I loved it. This was the only society ball where there wasn’t a tummy tuck or a face-lift in the whole room. Real biker women weren’t afraid of a few sags, lines, or saddlebag thighs. I saw a red-haired woman with her love handles boldly outlined by black lace. Her man, who sported a matching gut, couldn’t keep his hands off her overhangs. It gave me hope for when I turned forty, only three years from now. I was thirty-seven and holding, but my grip wasn’t as good as his.

“Looks like your anti-RUB measures succeeded,” I told Sonny. “This isn’t the Malcolm Forbes crowd.” He smiled his crooked smile. “We tried to discourage
the yups,” he said proudly. “Most of these bikers aren’t your ZIP-code riders.”

He saw the puzzled look on my face.

“Those are guys living in your desirable ZIP codes, rich guys who buy Harleys for status and take them out three weekends a year. The people here are mostly your big-mileage riders. They’ll put ten, twenty, thirty thousand miles a year on their bikes. They’re not afraid to get a few bugs in their teeth.”

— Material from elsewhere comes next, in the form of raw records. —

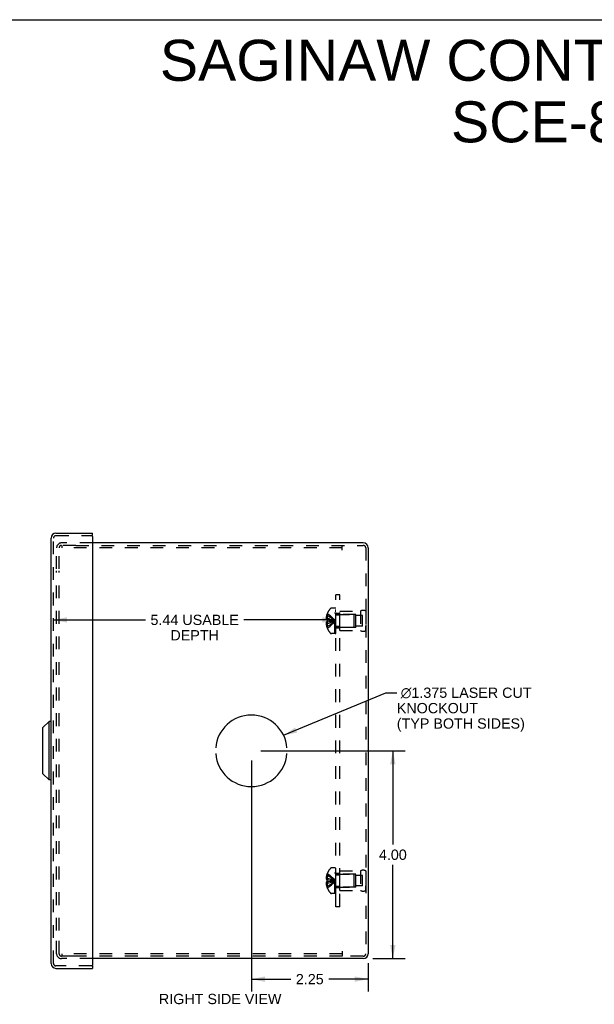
# Model space of a CAD drawing. Header units: inches. Extents: x 0 to 44.7, y 0 to 28.9.
# Tile 10 of 11: x 21.7 to 32.7, y 10 to 28.9. Entities that reach past the tile are written whole.
import ezdxf

# ---------------------------------------------------------------- set-up
doc = ezdxf.new("R2010")
doc.units = ezdxf.units.IN
doc.header["$LTSCALE"] = 2.460526
doc.header["$MEASUREMENT"] = 0
doc.linetypes.add('HIDDEN', pattern=[0.2, 0.1, -0.1])
doc.layers.get('0').update_dxf_attribs({"linetype": 'CONTINUOUS'})
for name, color, linetype in [('DEFAULT_2', 8, 'HIDDEN'), ('DIMENSIONS', 7, 'CONTINUOUS'), ('DOOR_ASSEMBLY', 7, 'CONTINUOUS'), ('OPEN', 7, 'CONTINUOUS'), ('SUBPANEL', 7, 'CONTINUOUS')]:
    doc.layers.add(name, color=color, linetype=linetype)
doc.styles.get("Standard").update_dxf_attribs({"font": 'arial.ttf'})
doc.dimstyles.new('DIMSTYLE_1', dxfattribs={"dimtxt": 0.197368, "dimasz": 0.263158, "dimexe": 0.09, "dimexo": 0.07, "dimgap": 0.0375, "dimtad": 0, "dimtih": 1, "dimtoh": 1, "dimzin": 4, "dimdsep": 46, "dimtxsty": 'Standard', "dimblk": '_FILLED', "dimblk1": '_FILLED', "dimblk2": '_FILLED', "dimcen": 0.09, "dimadec": 3, "dimazin": 1, "dimtfac": 1, "dimtdec": 3, "dimtofl": 0, "dimtmove": 0, "dimatfit": 3, "dimldrblk": '_FILLED', "dimfxl": 0, "dimtolj": 1, "dimtzin": 4, "dimarcsym": 0})
doc.dimstyles.get("Standard").update_dxf_attribs({"dimtxt": 0.223684, "dimasz": 0.263158, "dimexe": 0.09, "dimexo": 0.07, "dimgap": 0.09, "dimtad": 0, "dimtih": 1, "dimtoh": 1, "dimdec": 3, "dimzin": 4, "dimdsep": 46, "dimtxsty": 'Standard', "dimblk": '_FILLED', "dimblk1": '_FILLED', "dimblk2": '_FILLED', "dimcen": 0.09, "dimadec": 3, "dimazin": 1, "dimtp": 0.001, "dimtm": 0.001, "dimtfac": 1, "dimtdec": 3, "dimtofl": 0, "dimtmove": 0, "dimatfit": 3, "dimldrblk": '_FILLED', "dimfxl": 0, "dimtolj": 1, "dimtzin": 4, "dimarcsym": 0})

# ---------------------------------------------------------------- blocks, each defined once
blk = doc.blocks.new('_FILLED')
at = {"color": 0, "linetype": 'ByBlock'}
blk.add_solid([(0, 0), (-1, 0.2), (-1, -0.2)], dxfattribs=at)
blk = doc.blocks.new('*D15')
at = {"layer": 'DIMENSIONS', "color": 2, "linetype": 'Continuous'}
for p, q in [((22.335, 17.399), (24.105, 17.399)), ((27.771, 17.399), (26.001, 17.399))]:
    blk.add_line(p, q, dxfattribs=at)
at = {"layer": 'DIMENSIONS', "color": 2, "linetype": 'Continuous', "xscale": 0.2631578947, "yscale": 0.2631578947, "zscale": 0.2631578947, "rotation": 180}
blk.add_blockref('_FILLED', (22.335, 17.399), dxfattribs=at)
at = {"layer": 'DIMENSIONS', "color": 2, "linetype": 'Continuous', "xscale": 0.2631578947, "yscale": 0.2631578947, "zscale": 0.2631578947}
blk.add_blockref('_FILLED', (27.771, 17.399), dxfattribs=at)
at = {"layer": 'DIMENSIONS', "color": 2, "linetype": 'Continuous', "insert": (25.053, 17.498), "char_height": 0.19737, "width": 1.69854, "attachment_point": 2, "line_spacing_factor": 0.9}
blk.add_mtext('5.44 USABLE\\PDEPTH', dxfattribs=at)
blk = doc.blocks.new('*D20')
at = {"layer": 'DIMENSIONS', "color": 2, "linetype": 'Continuous'}
for p, q in [((26.329, 14.88), (29.105, 14.88)), ((28.868, 14.88), (28.868, 13.078)), ((28.868, 10.88), (28.868, 12.683)), ((28.484, 10.88), (29.105, 10.88))]:
    blk.add_line(p, q, dxfattribs=at)
at = {"layer": 'DIMENSIONS', "color": 2, "linetype": 'Continuous', "xscale": 0.2631578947, "yscale": 0.2631578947, "zscale": 0.2631578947}
for p, rotation in [((28.868, 14.88), 90), ((28.868, 10.88), 270)]:
    blk.add_blockref('_FILLED', p, dxfattribs=dict(at, rotation=rotation))
at = {"layer": 'DIMENSIONS', "color": 2, "linetype": 'Continuous', "insert": (28.868, 12.979), "char_height": 0.1974, "width": 0.53634, "attachment_point": 2, "line_spacing_factor": 0.9}
blk.add_mtext('4.00', dxfattribs=at)
blk = doc.blocks.new('*D21')
at = {"layer": 'DIMENSIONS', "color": 2, "linetype": 'Continuous'}
for p, q in [((26.144, 14.696), (26.144, 10.249)), ((28.394, 10.791), (28.394, 10.249)), ((26.144, 10.486), (26.902, 10.486)), ((28.394, 10.486), (27.636, 10.486))]:
    blk.add_line(p, q, dxfattribs=at)
at = {"layer": 'DIMENSIONS', "color": 2, "linetype": 'Continuous', "xscale": 0.2631578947, "yscale": 0.2631578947, "zscale": 0.2631578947, "rotation": 180}
blk.add_blockref('_FILLED', (26.144, 10.486), dxfattribs=at)
at = {"layer": 'DIMENSIONS', "color": 2, "linetype": 'Continuous', "xscale": 0.2631578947, "yscale": 0.2631578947, "zscale": 0.2631578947}
blk.add_blockref('_FILLED', (28.394, 10.486), dxfattribs=at)
at = {"layer": 'DIMENSIONS', "color": 2, "linetype": 'Continuous', "insert": (27.269, 10.585), "char_height": 0.1974, "width": 0.53634, "attachment_point": 2, "line_spacing_factor": 0.9}
blk.add_mtext('2.25', dxfattribs=at)

msp = doc.modelspace()

# ---------------------------------------------------------------- linework, layer by layer
at = {"color": 7, "linetype": 'Continuous'}
msp.add_line((0, 28.947), (44.737, 28.947), dxfattribs=at)
at = {"color": 3, "linetype": 'Continuous'}
for p, q in [((28.3, 18.88), (23.085, 18.88)), ((28.394, 18.785), (28.394, 10.975)), ((28.3, 10.88), (23.085, 10.88))]:
    msp.add_line(p, q, dxfattribs=at)
for centre, start, end in [((28.3, 18.785), 0, 90), ((28.3, 10.975), 270, 360)]:
    msp.add_arc(centre, 0.0948, start, end, dxfattribs=at)
at = {"layer": 'DEFAULT_2', "color": 8, "linetype": 'HIDDEN'}
for p, q in [((22.394, 18.38), (22.394, 18.785)), ((22.442, 18.38), (22.442, 18.785)), ((23.085, 18.88), (22.489, 18.88)), ((22.768, 18.832), (22.489, 18.832)), ((22.493, 18.832), (22.493, 18.784)), ((27.894, 18.784), (22.493, 18.784)), ((22.768, 18.832), (28.3, 18.832)), ((27.894, 18.737), (27.894, 18.832)), ((28.346, 18.785), (28.346, 10.975)), ((22.394, 11.42), (22.394, 18.34)), ((22.442, 11.42), (22.442, 18.34)), ((27.751, 17.626), (27.69, 17.626)), ((27.751, 17.134), (27.751, 17.626)), ((27.756, 17.134), (27.756, 17.623)), ((27.771, 17.623), (27.756, 17.623)), ((27.771, 17.134), (27.771, 17.623)), ((27.605, 17.485), (27.592, 17.485)), ((27.605, 17.52), (27.606, 17.521)), ((27.606, 17.521), (27.605, 17.521)), ((27.605, 17.52), (27.605, 17.398)), ((27.771, 17.588), (27.756, 17.588)), ((27.771, 17.581), (27.756, 17.581)), ((27.771, 17.559), (27.756, 17.559)), ((27.771, 17.519), (27.756, 17.519)), ((27.771, 17.504), (27.756, 17.504)), ((27.789, 17.504), (28.116, 17.504)), ((27.846, 17.192), (27.846, 17.568)), ((27.846, 17.568), (28.246, 17.568)), ((28.158, 17.505), (27.846, 17.505)), ((28.116, 17.504), (28.116, 17.256)), ((28.126, 17.494), (28.116, 17.504)), ((28.126, 17.266), (28.126, 17.494)), ((28.158, 17.255), (28.158, 17.505)), ((28.283, 17.482), (28.158, 17.482)), ((28.246, 17.568), (28.246, 17.192)), ((28.283, 17.279), (28.283, 17.482)), ((28.346, 17.568), (28.346, 17.48)), ((28.346, 17.568), (28.346, 17.192)), ((27.605, 17.43), (27.583, 17.43)), ((27.605, 17.331), (27.583, 17.331)), ((27.605, 17.398), (27.592, 17.398)), ((27.605, 17.362), (27.592, 17.362)), ((27.605, 17.276), (27.592, 17.276)), ((27.606, 17.398), (27.605, 17.398)), ((27.605, 17.398), (27.634, 17.396)), ((27.605, 17.362), (27.605, 17.241)), ((27.606, 17.362), (27.605, 17.362)), ((27.605, 17.241), (27.606, 17.24)), ((27.634, 17.396), (27.663, 17.393)), ((27.741, 17.377), (27.766, 17.38)), ((27.742, 17.377), (27.766, 17.38)), ((27.771, 17.427), (27.756, 17.427)), ((27.771, 17.426), (27.756, 17.426)), ((27.771, 17.293), (27.756, 17.293)), ((27.771, 17.286), (27.756, 17.286)), ((27.789, 17.256), (28.116, 17.256)), ((28.158, 17.255), (27.846, 17.255)), ((28.126, 17.266), (28.116, 17.256)), ((28.283, 17.279), (28.158, 17.279)), ((28.346, 17.192), (28.346, 17.28)), ((27.606, 17.24), (27.605, 17.24)), ((27.751, 17.134), (27.69, 17.134)), ((27.771, 17.225), (27.756, 17.225)), ((27.771, 17.204), (27.756, 17.204)), ((27.771, 17.186), (27.756, 17.186)), ((27.771, 17.15), (27.756, 17.15)), ((27.756, 17.134), (27.771, 17.134)), ((27.846, 17.192), (28.246, 17.192)), ((27.606, 12.521), (27.605, 12.521)), ((27.606, 12.521), (27.605, 12.52)), ((27.605, 12.52), (27.605, 12.398)), ((27.751, 12.626), (27.69, 12.626)), ((27.751, 12.134), (27.751, 12.626)), ((27.771, 12.623), (27.756, 12.623)), ((27.756, 12.134), (27.756, 12.623)), ((27.771, 12.588), (27.756, 12.588)), ((27.771, 12.581), (27.756, 12.581)), ((27.771, 12.559), (27.756, 12.559)), ((27.771, 12.519), (27.756, 12.519)), ((27.771, 12.134), (27.771, 12.623)), ((27.789, 12.504), (28.116, 12.504)), ((27.846, 12.568), (28.246, 12.568)), ((27.846, 12.192), (27.846, 12.568)), ((28.158, 12.505), (27.846, 12.505)), ((28.126, 12.494), (28.116, 12.504)), ((28.116, 12.504), (28.116, 12.256)), ((28.158, 12.255), (28.158, 12.505)), ((28.246, 12.568), (28.246, 12.192)), ((28.346, 12.568), (28.346, 12.48)), ((28.346, 12.568), (28.346, 12.192)), ((27.605, 12.43), (27.583, 12.43)), ((27.605, 12.331), (27.583, 12.331)), ((27.605, 12.485), (27.592, 12.485)), ((27.605, 12.398), (27.592, 12.398)), ((27.605, 12.362), (27.592, 12.362)), ((27.606, 12.398), (27.605, 12.398)), ((27.605, 12.398), (27.634, 12.396)), ((27.606, 12.362), (27.605, 12.362)), ((27.605, 12.362), (27.605, 12.241)), ((27.634, 12.396), (27.663, 12.393)), ((27.741, 12.377), (27.766, 12.38)), ((27.742, 12.377), (27.766, 12.38)), ((27.771, 12.504), (27.756, 12.504)), ((27.771, 12.427), (27.756, 12.427)), ((27.771, 12.426), (27.756, 12.426)), ((28.126, 12.266), (28.126, 12.494)), ((28.283, 12.482), (28.158, 12.482)), ((28.283, 12.279), (28.283, 12.482)), ((27.605, 12.276), (27.592, 12.276)), ((27.605, 12.241), (27.606, 12.24)), ((27.606, 12.24), (27.605, 12.24)), ((27.751, 12.134), (27.69, 12.134)), ((27.771, 12.293), (27.756, 12.293)), ((27.771, 12.286), (27.756, 12.286)), ((27.771, 12.225), (27.756, 12.225)), ((27.771, 12.204), (27.756, 12.204)), ((27.771, 12.186), (27.756, 12.186)), ((27.771, 12.15), (27.756, 12.15)), ((27.756, 12.134), (27.771, 12.134)), ((27.789, 12.256), (28.116, 12.256)), ((28.158, 12.255), (27.846, 12.255)), ((27.846, 12.192), (28.246, 12.192)), ((28.126, 12.266), (28.116, 12.256)), ((28.283, 12.279), (28.158, 12.279)), ((28.346, 12.192), (28.346, 12.28)), ((22.394, 10.975), (22.394, 11.38)), ((22.442, 10.975), (22.442, 11.38)), ((27.894, 11.023), (27.894, 10.928)), ((22.51, 10.928), (22.489, 10.928)), ((23.085, 10.88), (22.489, 10.88)), ((27.894, 10.976), (22.493, 10.976)), ((22.493, 10.976), (22.493, 10.928)), ((22.725, 10.928), (22.51, 10.928)), ((27.894, 10.928), (22.725, 10.928)), ((28.3, 10.928), (27.894, 10.928))]:
    msp.add_line(p, q, dxfattribs=at)
for points in [[(27.592, 17.485), (27.591, 17.478), (27.589, 17.471), (27.588, 17.464), (27.586, 17.457), (27.585, 17.45), (27.584, 17.443), (27.584, 17.437), (27.583, 17.43)], [(27.605, 17.485), (27.634, 17.47), (27.662, 17.454), (27.69, 17.438), (27.716, 17.42), (27.741, 17.4), (27.766, 17.38)], [(27.606, 17.521), (27.634, 17.501), (27.663, 17.48), (27.69, 17.457), (27.716, 17.433), (27.742, 17.407), (27.766, 17.38)], [(27.583, 17.43), (27.584, 17.427), (27.584, 17.424), (27.585, 17.421), (27.585, 17.418), (27.586, 17.415), (27.587, 17.412), (27.588, 17.409), (27.589, 17.405), (27.591, 17.402), (27.592, 17.398)], [(27.592, 17.362), (27.591, 17.359), (27.589, 17.355), (27.588, 17.352), (27.587, 17.349), (27.586, 17.346), (27.585, 17.343), (27.585, 17.34), (27.584, 17.337), (27.584, 17.334), (27.583, 17.331)], [(27.583, 17.331), (27.584, 17.324), (27.584, 17.317), (27.585, 17.31), (27.586, 17.303), (27.588, 17.297), (27.589, 17.29), (27.591, 17.283), (27.592, 17.276)], [(27.605, 17.43), (27.634, 17.423), (27.662, 17.415), (27.69, 17.407), (27.716, 17.399), (27.741, 17.39), (27.766, 17.38)], [(27.606, 17.398), (27.605, 17.395), (27.605, 17.392), (27.605, 17.389), (27.605, 17.386), (27.605, 17.383), (27.605, 17.38)], [(27.605, 17.276), (27.634, 17.29), (27.662, 17.306), (27.69, 17.323), (27.716, 17.341), (27.741, 17.36), (27.766, 17.38)], [(27.605, 17.331), (27.634, 17.338), (27.662, 17.345), (27.69, 17.353), (27.716, 17.362), (27.741, 17.371), (27.766, 17.38)], [(27.605, 17.38), (27.605, 17.377), (27.605, 17.374), (27.605, 17.371), (27.605, 17.368), (27.605, 17.365), (27.606, 17.362)], [(27.605, 17.362), (27.634, 17.365), (27.662, 17.368), (27.69, 17.37), (27.716, 17.374), (27.742, 17.377)], [(27.606, 17.24), (27.634, 17.26), (27.663, 17.281), (27.69, 17.303), (27.716, 17.328), (27.742, 17.353), (27.766, 17.38)], [(27.606, 17.362), (27.634, 17.365), (27.663, 17.368), (27.69, 17.37), (27.716, 17.374)], [(27.662, 17.393), (27.69, 17.39), (27.716, 17.387), (27.742, 17.384), (27.766, 17.38)], [(27.69, 17.39), (27.716, 17.387), (27.741, 17.384), (27.766, 17.38)], [(27.606, 12.521), (27.634, 12.501), (27.663, 12.48), (27.69, 12.457), (27.716, 12.433), (27.742, 12.407), (27.766, 12.38)], [(27.592, 12.485), (27.591, 12.478), (27.589, 12.471), (27.588, 12.464), (27.586, 12.457), (27.585, 12.45), (27.584, 12.443), (27.584, 12.437), (27.583, 12.43)], [(27.583, 12.43), (27.584, 12.427), (27.584, 12.424), (27.585, 12.421), (27.585, 12.418), (27.586, 12.415), (27.587, 12.412), (27.588, 12.409), (27.589, 12.405), (27.591, 12.402), (27.592, 12.398)], [(27.592, 12.362), (27.591, 12.359), (27.589, 12.355), (27.588, 12.352), (27.587, 12.349), (27.586, 12.346), (27.585, 12.343), (27.585, 12.34), (27.584, 12.337), (27.584, 12.334), (27.583, 12.331)], [(27.583, 12.331), (27.584, 12.324), (27.584, 12.317), (27.585, 12.31), (27.586, 12.303), (27.588, 12.297), (27.589, 12.29), (27.591, 12.283), (27.592, 12.276)], [(27.605, 12.485), (27.634, 12.47), (27.662, 12.454), (27.69, 12.438), (27.716, 12.42), (27.741, 12.4), (27.766, 12.38)], [(27.605, 12.43), (27.634, 12.423), (27.662, 12.415), (27.69, 12.407), (27.716, 12.399), (27.741, 12.39), (27.766, 12.38)], [(27.605, 12.38), (27.605, 12.383), (27.605, 12.386), (27.605, 12.389), (27.605, 12.392), (27.605, 12.395), (27.606, 12.398)], [(27.605, 12.331), (27.634, 12.338), (27.662, 12.345), (27.69, 12.353), (27.716, 12.362), (27.741, 12.371), (27.766, 12.38)], [(27.606, 12.362), (27.605, 12.365), (27.605, 12.368), (27.605, 12.371), (27.605, 12.374), (27.605, 12.377), (27.605, 12.38)], [(27.605, 12.276), (27.634, 12.29), (27.662, 12.306), (27.69, 12.323), (27.716, 12.341), (27.741, 12.36), (27.766, 12.38)], [(27.605, 12.362), (27.634, 12.365), (27.662, 12.368), (27.69, 12.37), (27.716, 12.374), (27.742, 12.377)], [(27.606, 12.24), (27.634, 12.26), (27.663, 12.281), (27.69, 12.303), (27.716, 12.328), (27.742, 12.353), (27.766, 12.38)], [(27.606, 12.362), (27.634, 12.365), (27.663, 12.368), (27.69, 12.37), (27.716, 12.374)], [(27.662, 12.393), (27.69, 12.39), (27.716, 12.387), (27.742, 12.384), (27.766, 12.38)], [(27.69, 12.39), (27.716, 12.387), (27.741, 12.384), (27.766, 12.38)]]:
    msp.add_lwpolyline(points, dxfattribs=at)
for centre, radius, start, end in [((22.489, 18.785), 0.0948, 90, 180), ((22.489, 18.785), 0.0468, 90, 180), ((28.3, 18.785), 0.0468, 0, 90), ((27.69, 17.591), 0.035, 90, 139.0666), ((27.933, 17.38), 0.357, 156.9983, 162.9593), ((27.933, 17.38), 0.357, 139.0666, 156.8097), ((27.789, 17.541), 0.0372, 180, 210.0497), ((27.789, 17.541), 0.0372, 242.4601, 270), ((28.296, 17.482), 0.1, 60.0508, 119.9492), ((27.933, 17.38), 0.357, 197.0407, 203.0017), ((27.789, 17.219), 0.0372, 90, 117.5399), ((27.933, 17.38), 0.357, 203.1903, 220.9334), ((27.69, 17.169), 0.035, 220.9334, 270), ((27.789, 17.219), 0.0372, 149.9503, 180), ((28.296, 17.279), 0.1, 240.0508, 299.9492), ((27.933, 12.38), 0.357, 156.9983, 162.9593), ((27.933, 12.38), 0.357, 139.0666, 156.8097), ((27.69, 12.591), 0.035, 90, 139.0666), ((27.789, 12.541), 0.0372, 180, 210.0497), ((27.789, 12.541), 0.0372, 242.4601, 270), ((28.296, 12.482), 0.1, 60.0508, 119.9492), ((27.933, 12.38), 0.357, 197.0407, 203.0017), ((27.933, 12.38), 0.357, 203.1903, 220.9334), ((27.69, 12.169), 0.035, 220.9334, 270), ((27.789, 12.219), 0.0372, 149.9503, 180), ((27.789, 12.219), 0.0372, 90, 117.5399), ((28.296, 12.279), 0.1, 240.0508, 299.9492), ((22.489, 10.975), 0.0948, 180, 270), ((22.489, 10.975), 0.0468, 180, 270), ((28.3, 10.975), 0.0468, 270, 360)]:
    msp.add_arc(centre, radius, start, end, dxfattribs=at)
at = {"layer": 'DOOR_ASSEMBLY', "color": 3, "linetype": 'Continuous'}
for p, q in [((22.287, 10.788), (22.287, 18.973)), ((22.382, 19.068), (23.085, 19.068)), ((23.085, 19.005), (23.085, 10.756)), ((22.382, 10.693), (23.085, 10.693))]:
    msp.add_line(p, q, dxfattribs=at)
at = {"layer": 'DOOR_ASSEMBLY', "color": 8, "linetype": 'HIDDEN'}
for p, q in [((22.335, 10.788), (22.335, 18.973)), ((22.382, 19.02), (23.07, 19.02)), ((23.07, 10.741), (22.382, 10.741))]:
    msp.add_line(p, q, dxfattribs=at)
at = {"layer": 'DOOR_ASSEMBLY', "color": 7, "linetype": 'Continuous'}
for p, q in [((23.085, 19.02), (23.07, 19.02)), ((23.085, 19.02), (23.085, 19.068)), ((22.131, 15.325), (22.249, 15.443)), ((22.249, 14.318), (22.249, 15.443)), ((22.287, 15.443), (22.249, 15.443)), ((22.131, 14.436), (22.131, 15.325)), ((22.131, 14.436), (22.249, 14.318)), ((22.287, 14.318), (22.249, 14.318)), ((22.283, 12.909), (22.283, 12.572)), ((22.283, 12.909), (22.287, 12.909)), ((22.283, 12.572), (22.287, 12.572)), ((23.07, 10.741), (23.085, 10.741)), ((23.085, 10.741), (23.085, 10.693))]:
    msp.add_line(p, q, dxfattribs=at)
at = {"layer": 'DOOR_ASSEMBLY', "color": 3, "linetype": 'Continuous'}
for centre, radius, start, end in [((22.382, 18.973), 0.0948, 90, 180), ((23.07, 19.005), 0.015, 0, 90), ((22.382, 10.788), 0.0948, 180, 270), ((23.07, 10.756), 0.015, 270, 360)]:
    msp.add_arc(centre, radius, start, end, dxfattribs=at)
at = {"layer": 'DOOR_ASSEMBLY', "color": 8, "linetype": 'HIDDEN'}
for centre, start, end in [((22.382, 18.973), 90, 180), ((22.382, 10.788), 180, 270)]:
    msp.add_arc(centre, 0.0468, start, end, dxfattribs=at)
at = {"layer": 'OPEN', "color": 40, "linetype": 'Continuous'}
for start, end in [(4.5886, 175.4114), (184.5886, 355.4114)]:
    msp.add_arc((26.144, 14.88), 0.688, start, end, dxfattribs=at)
at = {"layer": 'SUBPANEL', "color": 8, "linetype": 'HIDDEN'}
for p, q in [((27.771, 11.88), (27.771, 17.88)), ((27.846, 17.88), (27.771, 17.88)), ((27.846, 11.88), (27.846, 17.88)), ((27.846, 17.521), (27.771, 17.521)), ((27.846, 17.489), (27.771, 17.489)), ((27.846, 17.271), (27.771, 17.271)), ((27.846, 17.24), (27.771, 17.24)), ((27.846, 12.521), (27.771, 12.521)), ((27.846, 12.489), (27.771, 12.489)), ((27.846, 12.271), (27.771, 12.271)), ((27.846, 12.24), (27.771, 12.24)), ((27.846, 11.88), (27.771, 11.88))]:
    msp.add_line(p, q, dxfattribs=at)

# ---------------------------------------------------------------- texts
at = {"layer": 'DIMENSIONS', "color": 2, "linetype": 'Continuous', "line_spacing_factor": 0.9}
for s, insert, char_height, width, attachment_point in [('SAGINAW CONTROL & ENGINEERING\\PSCE-8N806NKLP', (34.37, 28.561), 0.78947, 19.93935, 2), (' \\fgdt;{\\fgdt;n}\\fArial;1.375 LASER CUT\\PKNOCKOUT\\P(TYP BOTH SIDES)', (28.944, 16.096), 0.19737, 2.64992, 1), ('RIGHT SIDE VIEW', (25.544, 10.203), 0.19737, 2.35375, 2)]:
    msp.add_mtext(s, dxfattribs=dict(at, insert=insert, char_height=char_height, width=width, attachment_point=attachment_point))

# ---------------------------------------------------------------- dimensions: what is measured, and where the dimension line sits
at = {"layer": 'DIMENSIONS', "color": 2, "linetype": 'Continuous'}
dim = msp.add_linear_dim(base=(22.335, 17.399), p1=(27.771, 17.63), p2=(22.335, 19.02), angle=180, text='<> USABLE\\PDEPTH', dimstyle='DIMSTYLE_1', dxfattribs=at)
dim.commit()
dim.dimension.update_dxf_attribs({"geometry": '*D15', "text_midpoint": (25.053, 17.251), "dimtype": 160})
for base, p1, p2, angle, picture, middle in [((28.868, 14.88), (28.414, 10.88), (26.259, 14.88), 90, '*D20', (28.863, 12.879)), ((26.144, 10.486), (28.394, 10.861), (26.144, 14.766), 180, '*D21', (27.268, 10.485))]:
    dim = msp.add_linear_dim(base=base, p1=p1, p2=p2, angle=angle, dimstyle='DIMSTYLE_1', dxfattribs=at)
    dim.commit()
    dim.dimension.update_dxf_attribs({"geometry": picture, "text_midpoint": middle, "dimtype": 160})

# ---------------------------------------------------------------- leaders
at = {"layer": 'DIMENSIONS', "color": 2, "linetype": 'Continuous', "annotation_type": 0, "has_hookline": 1, "hookline_direction": 1, "text_width": 2.538}
msp.add_leader([(26.764, 15.178), (28.735, 15.997), (28.944, 15.997)], dimstyle='Standard', override={"dimtad": 0}, dxfattribs=at)

doc.saveas('drawing.dxf')

As Sonny bragged, in walked the biggest, gaudiest RUB I’d ever seen. She entered the same way a roach strolls across your kitchen floor when you’re trying to convince a stuffy relative that you keep a clean house. This particular bug was an exotic breed. Her blond hair had been artfully tossed for about eighty bucks, and she wore at least three thousand dollars of designer leather. I recognized the outfit. I’d seen it in
Vogue.
It was by Escada, or Versace, or one of those designers who use lots of gold buttons and gold braid. She was wearing leather to the Leather and Lace Ball, but it was the wrong kind. Her outfit was soft designer leather. Real biker leather is hard because it acts as armor when you fall off the bike. Her outfit would have been stunning in her circles. But here she looked ridiculous, the way Marie Antoinette dressed as a shepherdess must have looked to a real sheepherder.

As she walked closer, I recognized not just her outfit but her face. Holy cowhide! This was Sydney Van-der Venter. She really was a socialite, a former maid of honor in the Veiled Prophet court, and cochair of a half-dozen major galas and parties. Her picture was always in Babe’s column, but I bet she wasn’t
too pleased with his last mention. Babe ran an item about her upcoming ugly divorce. Babe called Sydney “the bitter half” and said she was the estranged wife of local venture capitalist Hudson Vander Venter. Sydney and Hudson lived in Ladue, the richest suburb of St. Louis—at least they had when Babe announced the breakup. She had the underfed look favored by fashionable types. Sydney was fortyish, face-lifted, dyed, and dieted almost to starvation. What was this woman doing at a biker ball in low-rent South St. Louis?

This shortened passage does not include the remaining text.